Acto seguido, la obra de Vera Egitoe trata de la película que muchxs necesitamos visionar en la década pasada y que dialoga con aprendizajes sumados en el tiempo. Hablo precisamente del 2011, 2013 y 2018. Escenarios de lucha estudiantil y de organización popular en Chile y en otros puntos de latinoamérica. Egito toma los antecedentes del pasado –1968– para hacer explícitas determinadas resonancias de ese tiempo en nuestras experiencias contemporáneas: la poca y nula eficacia de las orgánicas democráticas, la vulnerabilidad de nuestras organizaciones, los pares masculinos desarticulando, las figuras de representación en escaños cómodos y gozosos de épicas ombliguistas. Y nuestro respeto inquebrantable por los conductos de representación popular, aunque en eso se –nos– fuera la vida. Y con eso la estima sacral de las urnas. El culto de votar como sí con solo hacerlo pudiéramos desviar el curso de las balas con las que fuimos amenazadxs incansablemente.

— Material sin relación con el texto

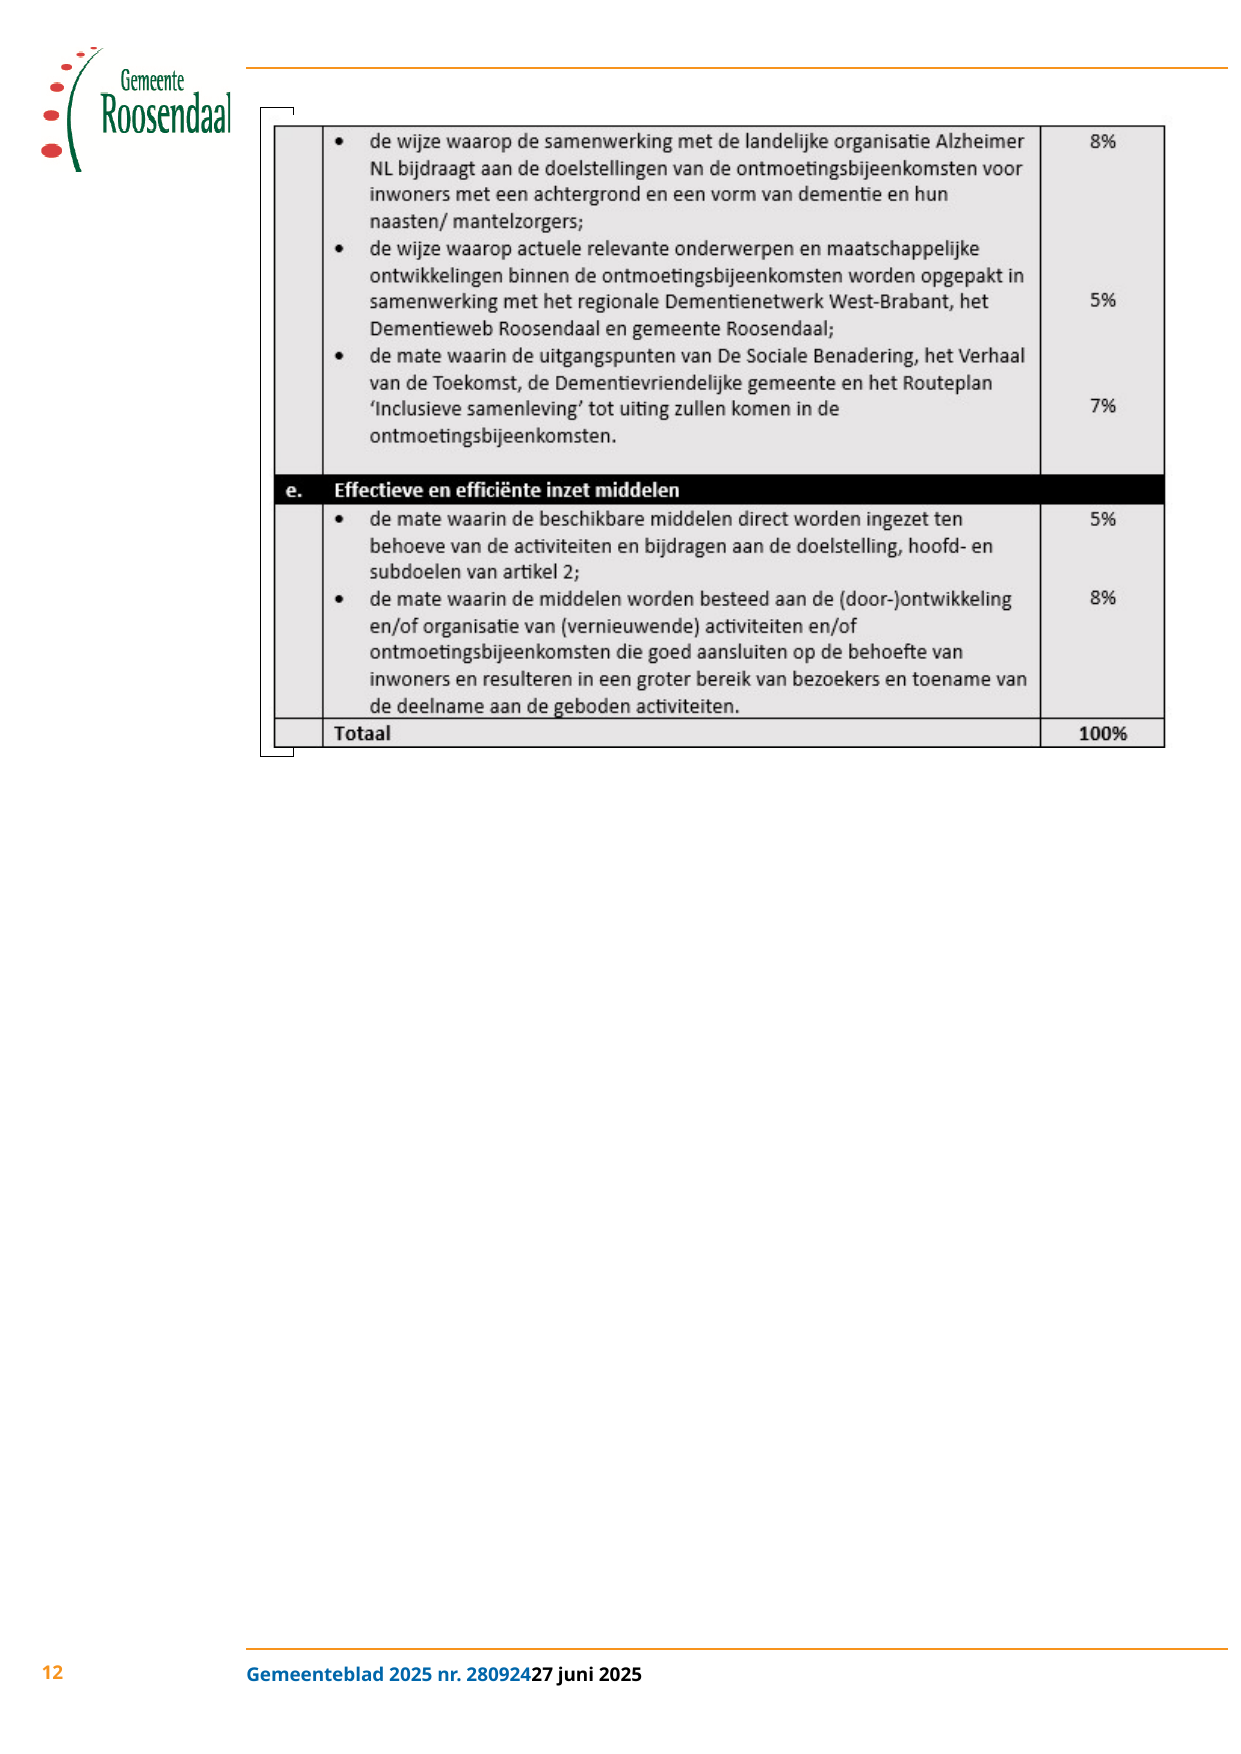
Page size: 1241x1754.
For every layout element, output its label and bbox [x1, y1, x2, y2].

picture [268, 115, 1173, 748]
picture [41, 47, 231, 172]

La ficción nos presenta un movimiento estudiantil, pero no su infantilización. En ningún caso es una película apologética o derrotista. Y es que Egito toma decisiones en frío y propone una concatenación desafectada, al mismo tiempo que horizontal con la gravedad de la memoria de los acontecimientos. Cuerpos suben en el edificio, cuerpos bajan en el medio por lo que sucederá. La memoria de la represión, más allá de que sea ficticia, por sí misma tiene la capacidad de remontarnos a la vigencia de un tiempo imperecedero. Un tiempo quieto donde cabemos todxs cuyas imágenes duelen. Resuelven. 

A mi parecer, lo hecho por ambas realizadoras reclaman visionados, presencias y una asamblea transhistórica. Puntualmente, digo esto de ambas películas por la capacidad que tienen de traslucir nodos críticos y años de ensayo. Entonces damos con que indistintamente del lugar en que nos situemos en el curso de la historia, las represiones se parecen entre sí: barullo, tumultos, hormigueo y caos.

 

¿A qué dios cíclico le encaminamos nuestras insurrecciones? 

¿Qué fe ciega por la democracia cobra cuerpos y traumas? 

(preguntas anotadas en el margen de una boleta del día)

Hablo de películas para caminar con tumultos. Y de la escritura como sutura. Y de películas que lo pueden todo.